General characteristics
- Tons burthen: 229
- Length: 141 ft 3 in (43.05 m)
- Beam: 21 ft (6.4 m)
- Depth of hold: 8 ft 1 in (2.46 m)
- Propulsion: steam engine, side wheel-propelled
- Complement: 49
- Armament: one 8" Dahlgren smoothbore gun; one 32-pounder gun;

= USS Jacob Bell =

Gunboat of the United States Navy

USS Jacob Bell was a sidewheel steamer acquired by the Union Navy for use during the American Civil War. She was one of the oldest vessels so acquired. Her duties included river patrols, guard duty, and other duties as assigned.

== Commissioned in New York City ==

Jacob Bell, was built by Brown & Bell at New York City in 1842. She was purchased at New York City from O. T. Glover and F. R. Anthony on 22 August 1861 and commissioned the same day; Lt. Edward P. McCrea was in command.

=== Potomac River operations ===

Jacob Bell immediately sailed for the Potomac River, where the following day she joined steamer in shelling a Confederate battery at the mouth of Potomac Creek. She remained in the Potomac enforcing the blockade of the Virginia coast, reconnoitering along the shore of the Potomac and in its tributaries for Confederate fortifications and shelling any batteries found.
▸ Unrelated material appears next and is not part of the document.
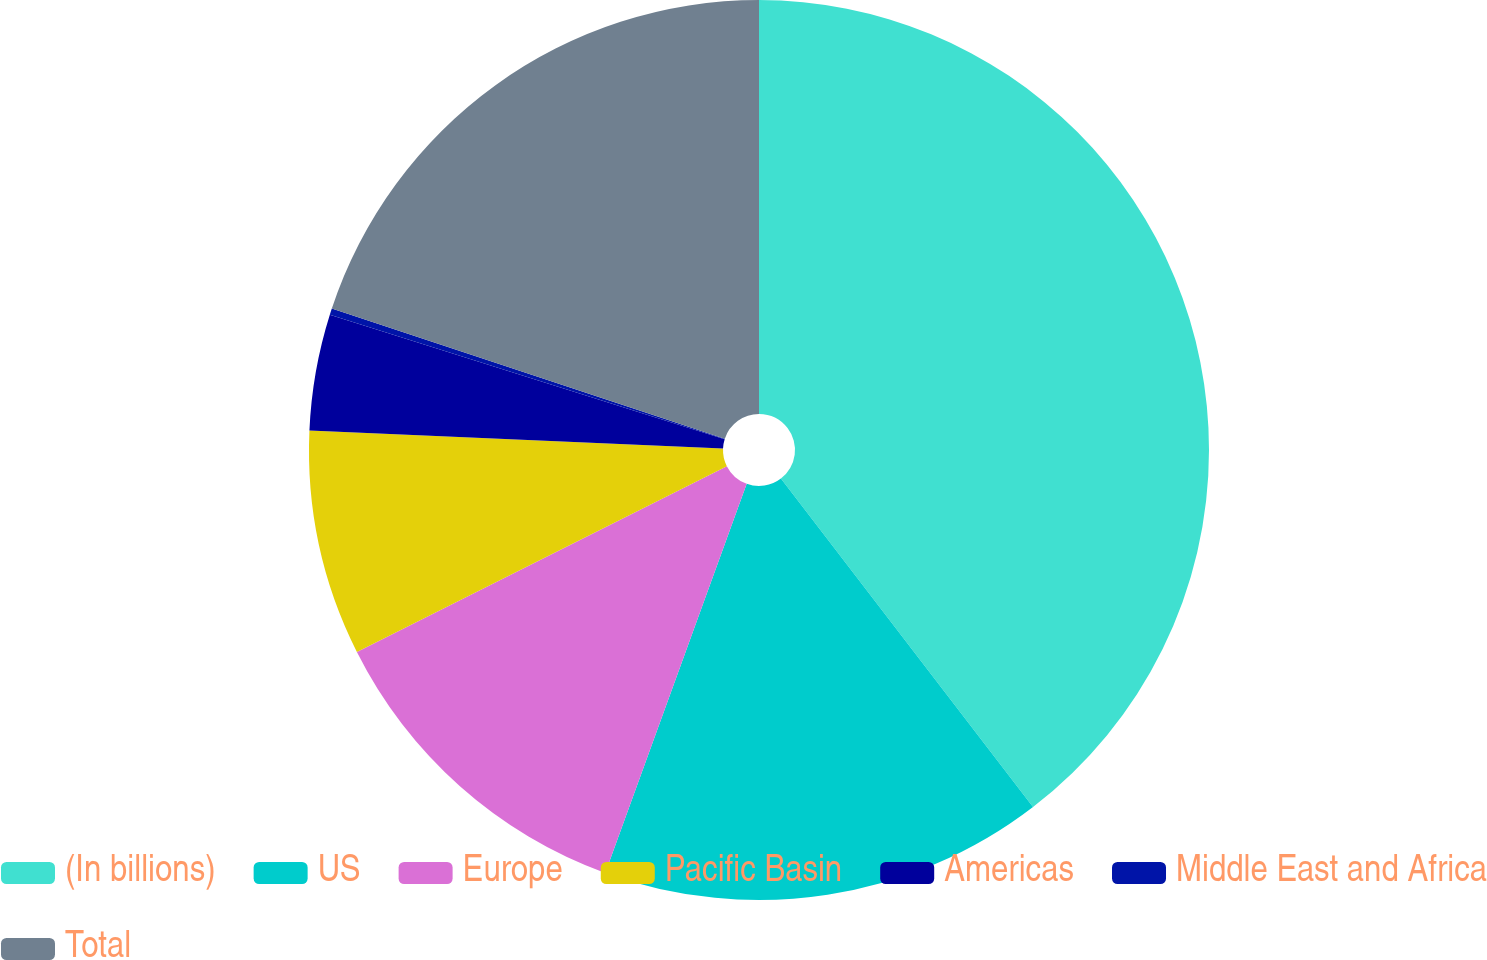<chart> <loc_0><loc_0><loc_500><loc_500><pie_chart><fcel>(In billions)<fcel>US<fcel>Europe<fcel>Pacific Basin<fcel>Americas<fcel>Middle East and Africa<fcel>Total<nl><fcel>39.58%<fcel>15.97%<fcel>12.04%<fcel>8.1%<fcel>4.17%<fcel>0.23%<fcel>19.91%<nl></chart>

=== Supporting McClellan's Peninsular Campaign ===

In April 1862 Jacob Bell accompanied five other Union ships to the Rappahannock River to gather information for Major General George B. McClellan, who was then launching his Peninsular Campaign and pondering over potential advantages of a second beachhead. The Union ships ascended the Rappahannock River to Tappahannock (Urbana, Virginia), 50 miles by land from Richmond, Virginia.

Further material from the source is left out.